Take the lines from the one containing "Task: Click on" through the end of the material and write them out exactly, omitting pictures.

------------------------------------------------

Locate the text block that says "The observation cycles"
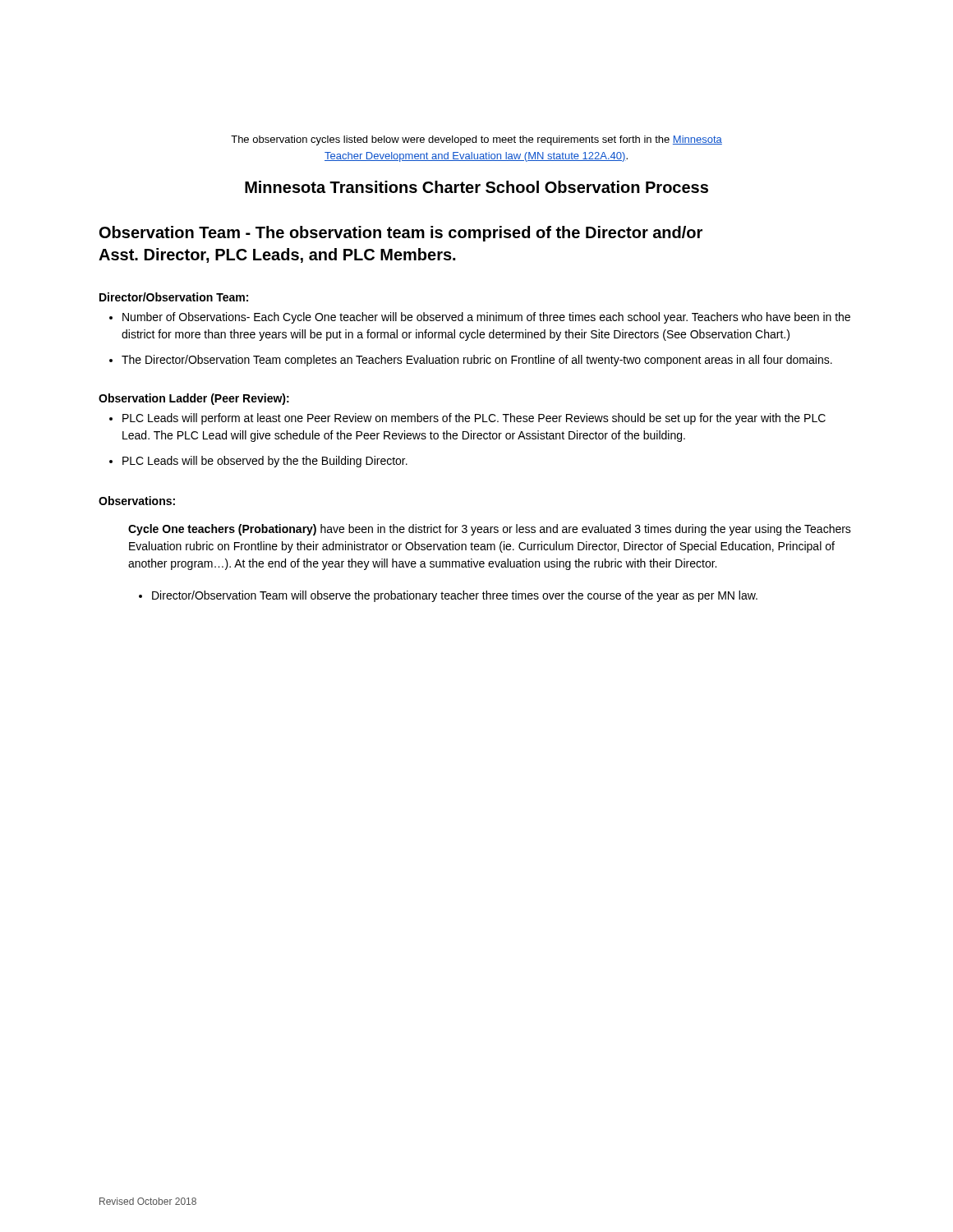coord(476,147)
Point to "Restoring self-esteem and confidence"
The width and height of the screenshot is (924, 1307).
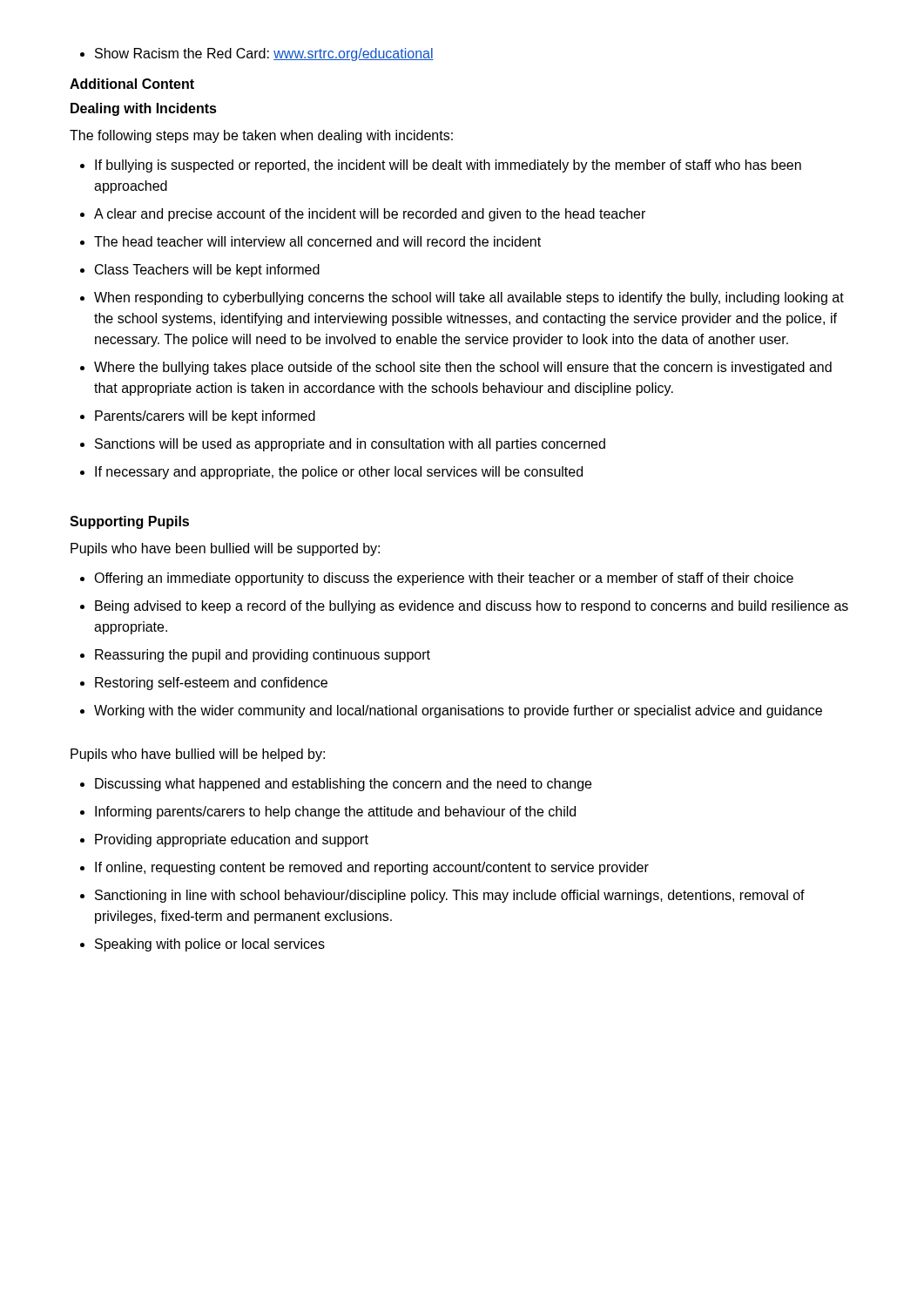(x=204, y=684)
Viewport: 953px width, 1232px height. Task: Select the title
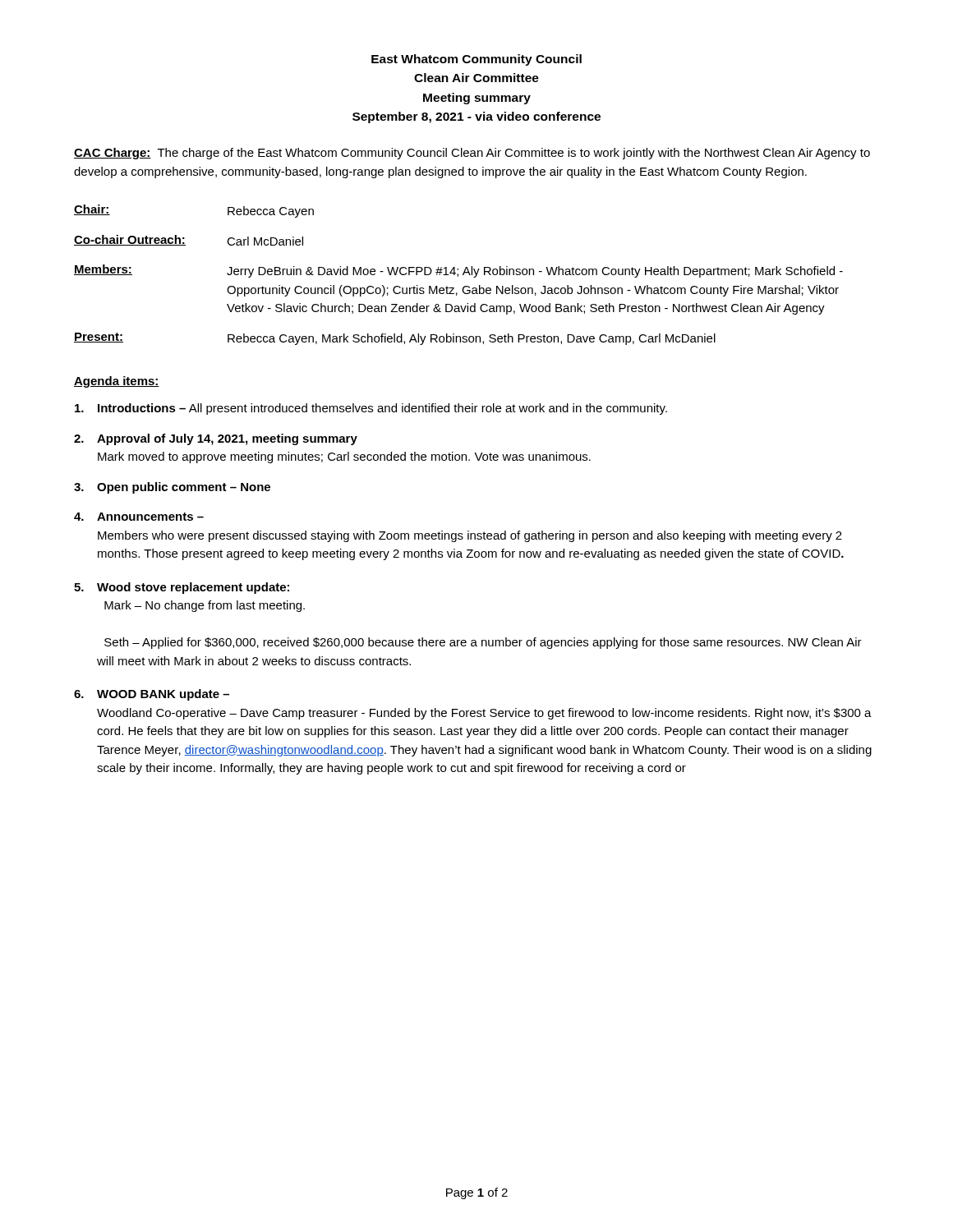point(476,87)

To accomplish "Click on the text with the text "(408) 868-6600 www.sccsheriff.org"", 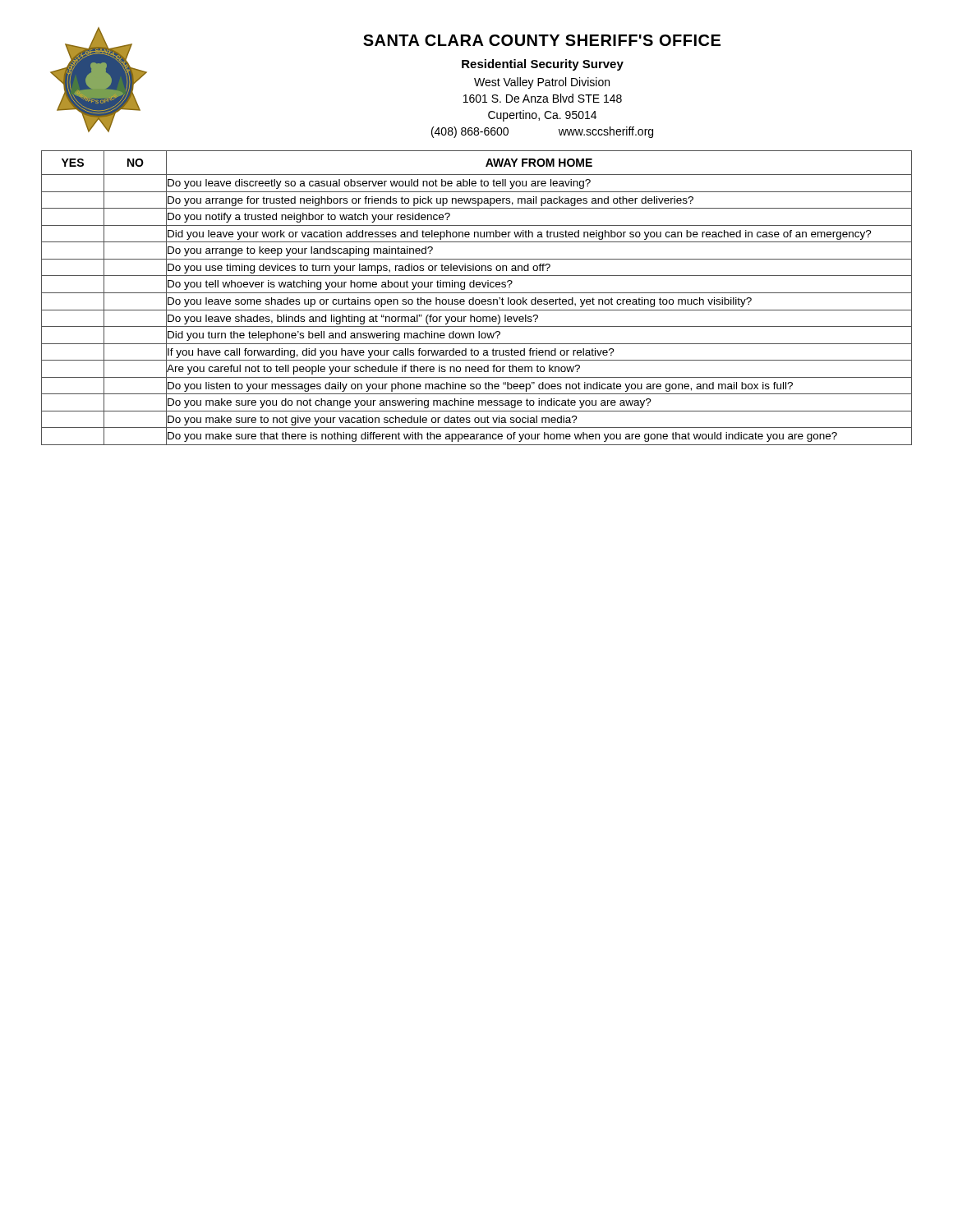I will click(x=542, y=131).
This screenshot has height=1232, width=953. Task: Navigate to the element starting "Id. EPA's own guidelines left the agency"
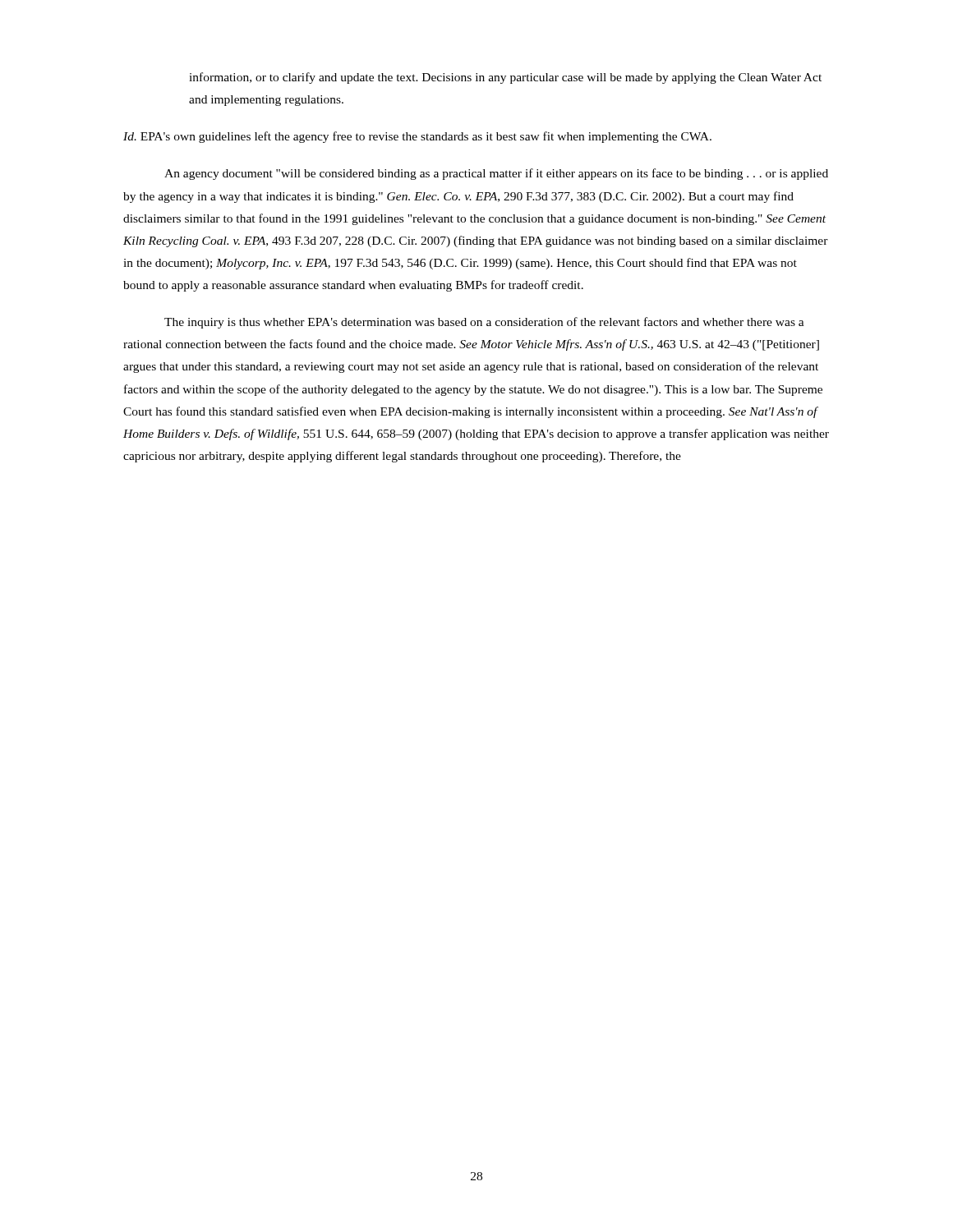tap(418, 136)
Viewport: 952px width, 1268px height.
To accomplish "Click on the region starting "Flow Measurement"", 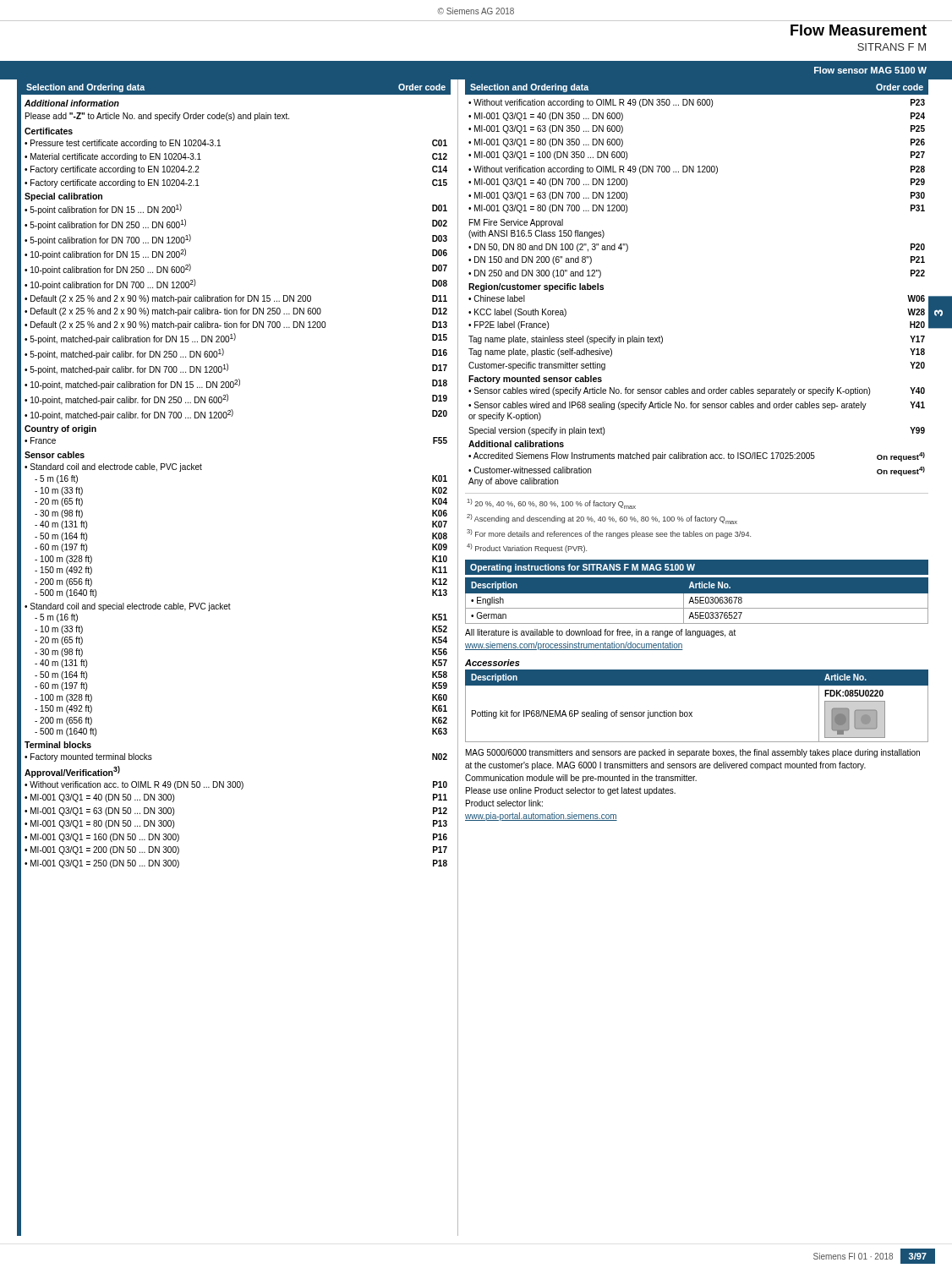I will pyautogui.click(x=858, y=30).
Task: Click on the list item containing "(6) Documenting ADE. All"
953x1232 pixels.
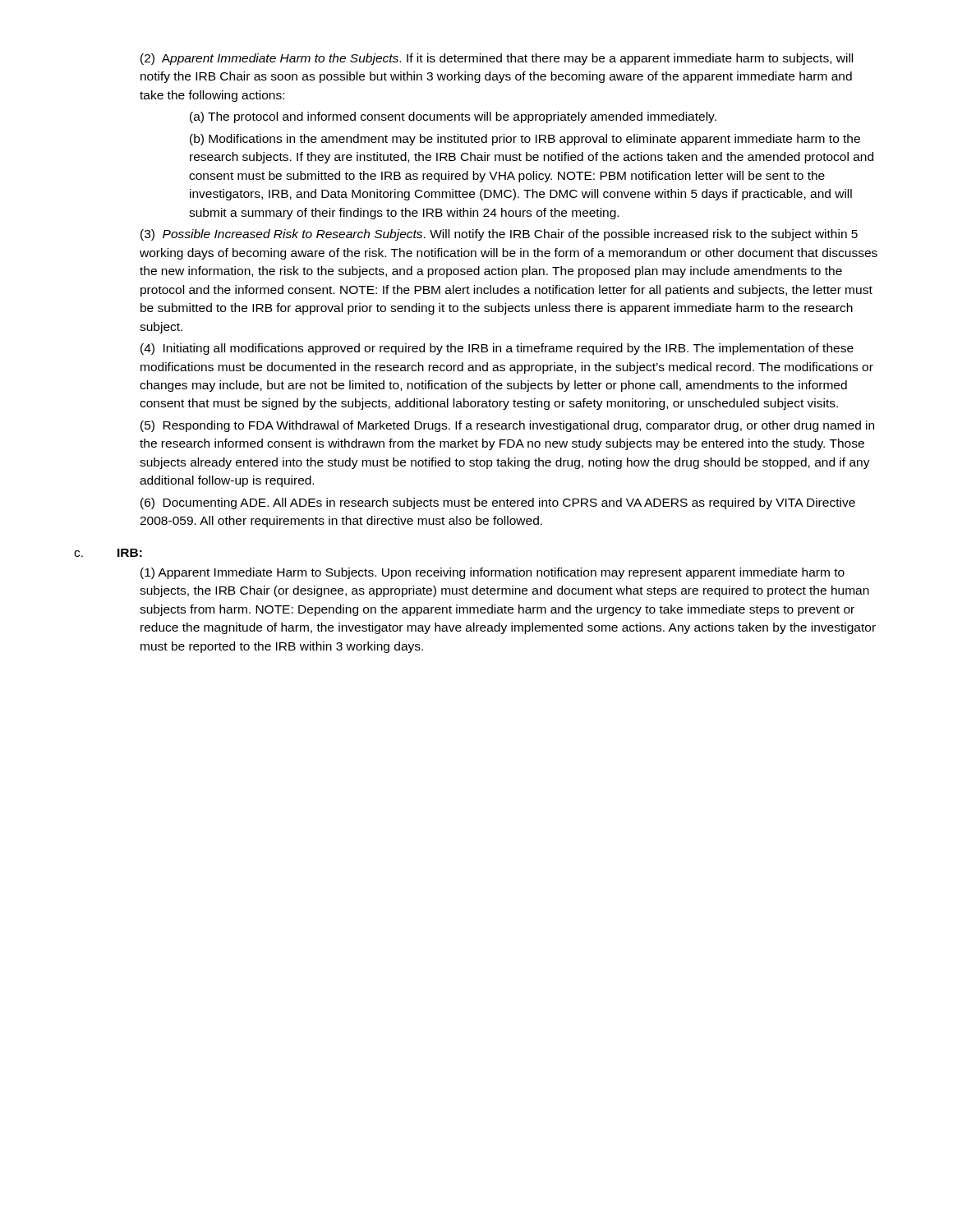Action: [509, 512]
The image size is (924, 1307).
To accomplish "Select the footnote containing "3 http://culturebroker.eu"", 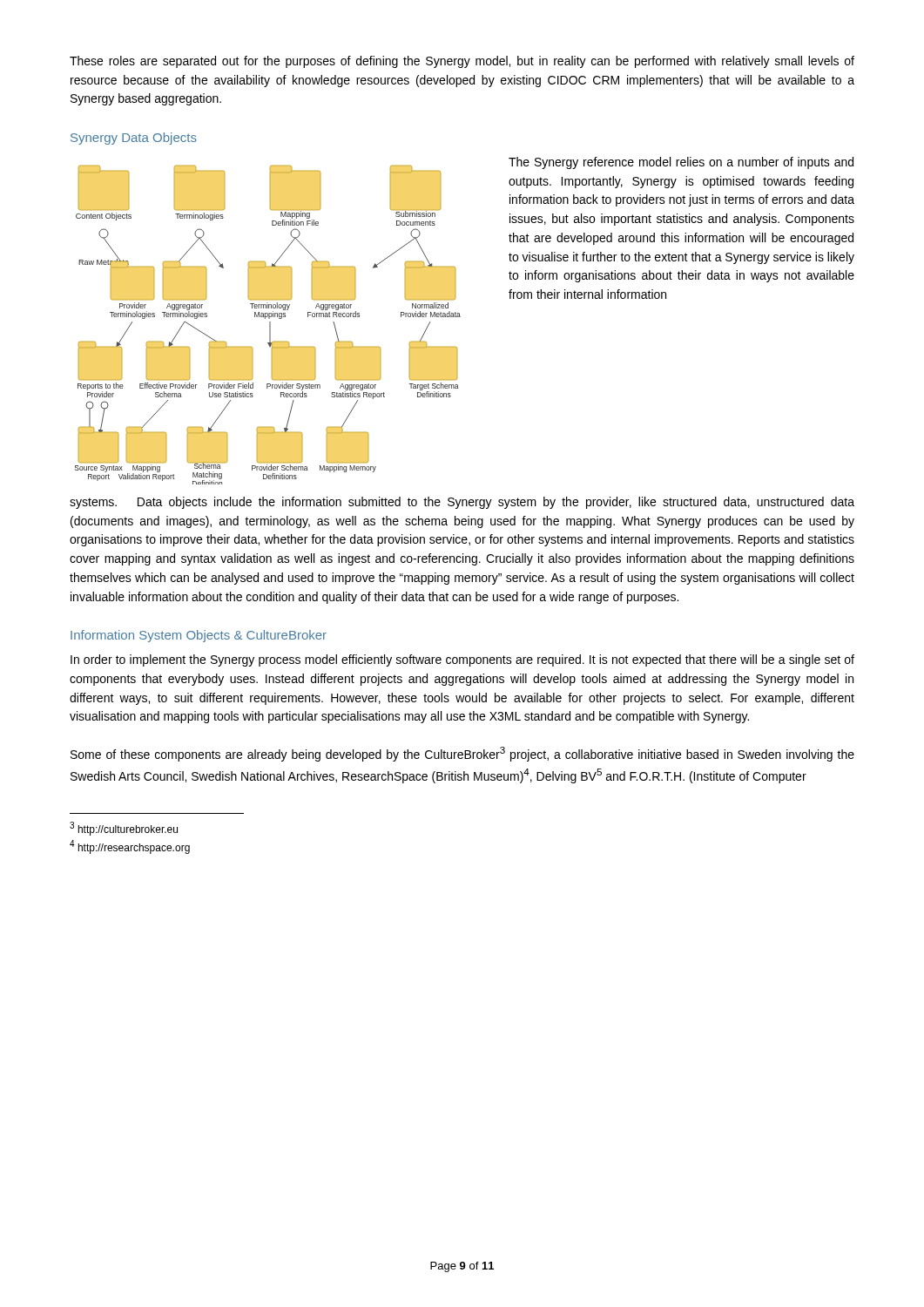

------------------------------------------------

Answer section:
Task: Click on the list item containing "(6) Documenting ADE. All"
953x1232 pixels.
Action: [509, 512]
The image size is (924, 1307).
To accomplish "Select the footnote containing "3 http://culturebroker.eu"", 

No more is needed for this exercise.